According to former MLB GM Jim Bowden, the noise Pittsburgh Pirates fans have been making is finally reaching Bob Nutting.
The Pirates' owner, Bowden said this week on the Foul Territory podcast, is “tired of all the hatred from fans. They’re tired of them not coming to the ballpark when Paul Skenes isn’t pitching.”
Because that’s a beautiful narrative — the loyal small-market fan base finally complaining loudly enough that ownership says, “You know what? You’re right. We should try winning baseball games.” Cue the violin music. Roll the montage. Fade to black.
But forgive Pirates fans if we don’t start slow-clapping just yet.

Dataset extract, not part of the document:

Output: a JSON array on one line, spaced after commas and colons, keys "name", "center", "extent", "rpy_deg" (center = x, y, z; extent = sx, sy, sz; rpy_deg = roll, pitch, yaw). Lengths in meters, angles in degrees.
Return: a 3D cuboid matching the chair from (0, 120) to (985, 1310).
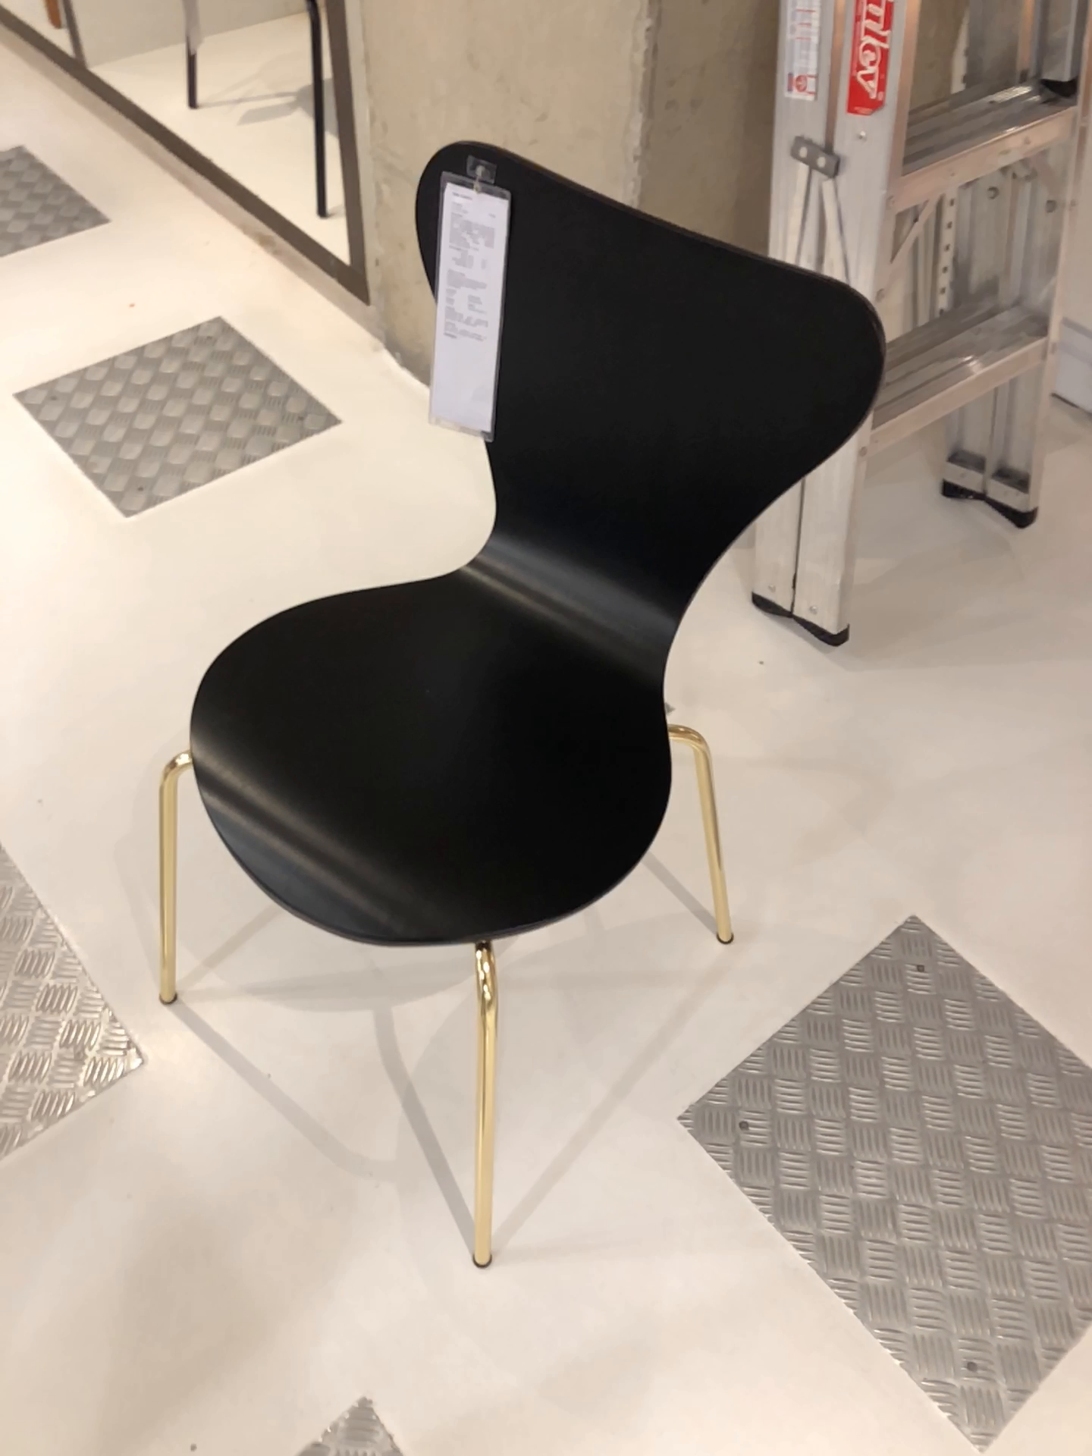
[{"name": "chair", "center": [-0.079, 0.019, 1.079], "extent": [0.511, 0.775, 0.543], "rpy_deg": [32, 56, 22]}]

Let’s be honest: this sudden burst of spending and ambition feels a whole lot less like Nutting discovering human emotion for the first time, and a whole lot more like… math. Payroll math. Labor math. Collective bargaining math.
The noise Pirates fans have been making is finally reaching Bob Nutting, says @JimBowdenGM.
— Foul Territory (@FoulTerritoryTV) January 5, 2026
"I think the Pirates are tired of all the hatred from fans. They're tired of them not coming to the ballpark when Paul Skenes isn't pitching." pic.twitter.com/w2xdIUucKK
Are the Pirates really listening to fans, or just protecting the bottom line?
The timing here isn’t subtle. The next CBA is coming. Players have been loudly calling out the widening gap between the haves and have-nots. Big-market clubs are spending like crazy. And meanwhile, small-market owners — including our friend, Bob — are bracing for a fight over revenue sharing, spending expectations, maybe even a salary floor.
You know what doesn’t look great heading into that negotiation? Being the guy who banks profit while running out one of the lowest payrolls in the sport… while your city chants sell the team and only shows up when Skenes throws 101.
So, suddenly, the Pirates are signing real free agents. They’re “in” on legitimate bats. They’re floating nine-figure intentions like a team trying to prove they can be trusted. Is this fan backlash? Or brand management before a labor war?
Because if Nutting truly cared what fans think, wouldn’t this shift have started — oh, I don’t know — years ago? Like, before Andrew McCutchen had to come home to stabilize the vibes? Before fourteen different “rebuilds” wandered the desert? Before the franchise player basically became Pitching Day at Kennywood?
Instead, it feels like the Pirates are trying very hard to avoid becoming the cautionary tale –– the Exhibit A the Players Association points to and says, “See? This is what revenue sharing abuse looks like.”
So, yeah, Bowden can say Nutting is tired of hearing the boos. And maybe that’s part of it. Nobody likes being public enemy No. 1 in their own ballpark. But if this was really about protecting leverage, defending profits, and making sure the Pirates don’t get painted into the corner of “non-competitive freeloaders” at the next CBA table? Tell me that doesn’t sound just a bit more on-brand.
If Nutting actually wants to win, love it. Please. Spend more. Build around Skenes and Konnor Griffin. Make PNC Park a place where people show up even when the ace isn’t pitching.
But Pirates fans have been promised culture shifts before. So we’ll believe the Pirates are spending for us when they keep doing it after the league meetings end.